Saturday, June 1, 2013

Doctors' Handwriting Can Kill Patients

Doctors' sloppy handwriting kills more than 7,000 people annually. It's a shocking statistic, and, according to a July 2006 report from the National Academies of Science's Institute of Medicine (IOM), preventable medication mistakes also injure more than 1.5 million Americans annually. Many such errors result from unclear abbreviations and dosage indications and illegible writing on some of the 3.2 billion prescriptions written in the U.S. every year.
Turns out that bad handwriting can spell disaster for patients. A druggist in Texas recently misread a doctor's handwritten prescription for a heart pain medication (Isordil) and gave the patient a high blood pressure drug (Plendil) instead. The 42-year-old man took the medication as prescribed and suffered a fatal heart attack. A jury heard the case and ruled that the doctor should pay the family several hundred thousand dollars for their loss.

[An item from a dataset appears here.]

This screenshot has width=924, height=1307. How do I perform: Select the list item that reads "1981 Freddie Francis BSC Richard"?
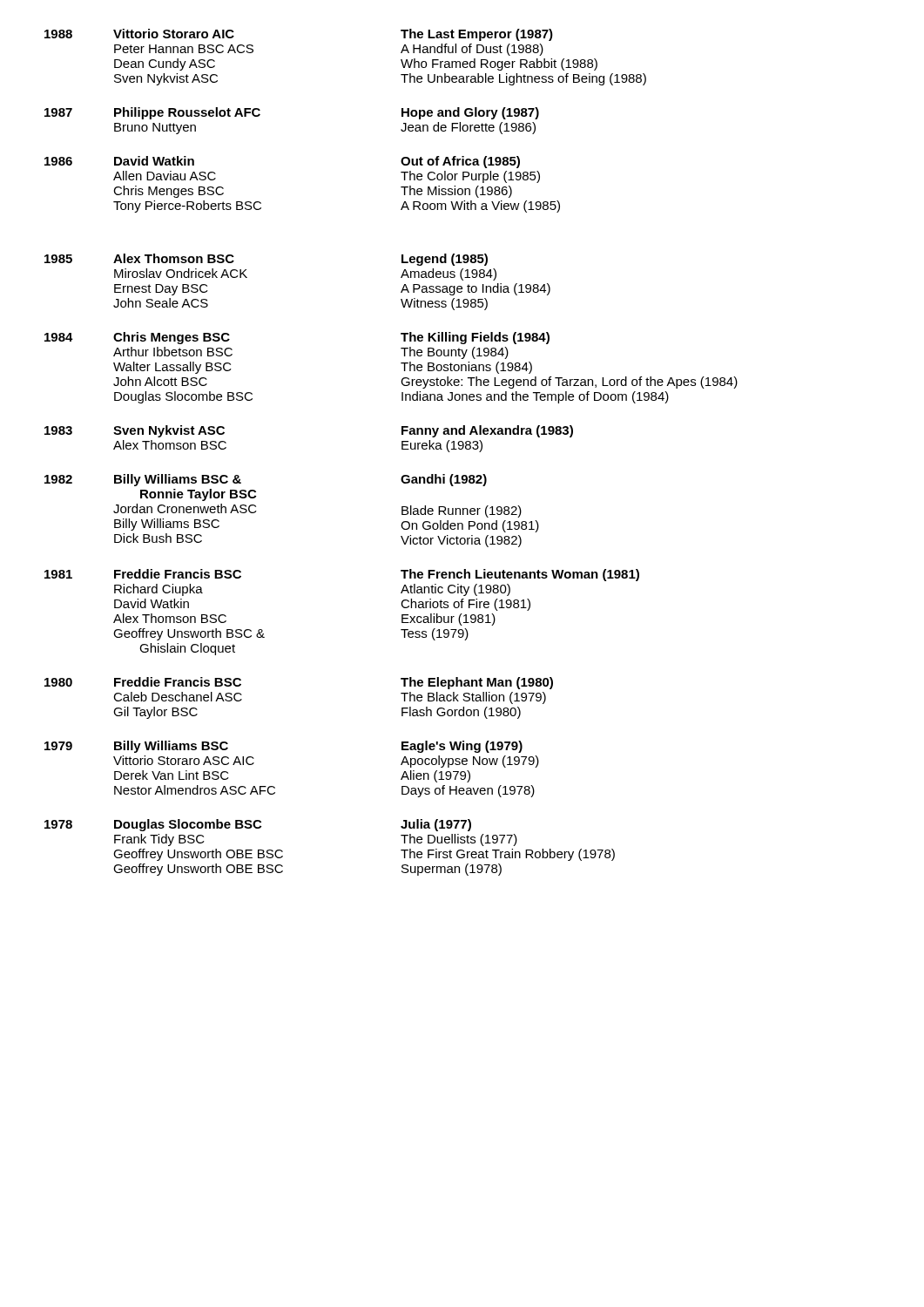tap(462, 611)

The Institute of Medicine cites written miscommunication as one of the many errors that account for 44,000 to 98,000 deaths per year. Even the lower estimate makes medical errors the eighth leading cause of death in the country. An estimated 7,000 people per year die from medication errors alone, about 16 percent more deaths than the number attributable to work-related injuries.

Why and How To Encounter ? 
One of the reasons is that doctors haven't invested in the needed technology, so it's being provided to them. The $100 million project has drawn support from a variety of partners, including Dell, Google, Aetna and numerous hospitals. "Our goal long-term is to get the prescription pads out of doctors' hands, to get them working on computers," says Scott Wells, a Dell vice-president of marketing. Google is designing a custom search engine with NEPSI to assist doctors looking for health data. Insurance companies such as Aetna have pledged to provide incentives for physicians using e-prescription systems.
Although some doctors have been prescribing electronically for years, many still use pen and paper. This is the first national effort to make a Web-based tool free for all doctors. Tullman says that even though 90% of the country's approximately 550,000 doctors have access to the Internet, fewer than 10% of them have invested the time and money required to begin using electronic medical records or e-prescriptions.
Automation should eliminate many of the errors that occur when pharmacists misunderstand or misrecord medication names or dosages conveyed messily on paper or hurriedly by phone. Given that there are more than 17,000 pharmaceutical brands and generics available, a spoken request for Celebrex, for instance, can be mistaken for Celexa, or a notation requesting 150 milligrams of a drug might be read as 1500. In electronic systems, drugs and dosages are selected from menus to prevent input errors, and pharmacists don't need to re-enter information.

Electronic prescribing could be an on-ramp for physicians beginning to use a full-featured electronic medical records system.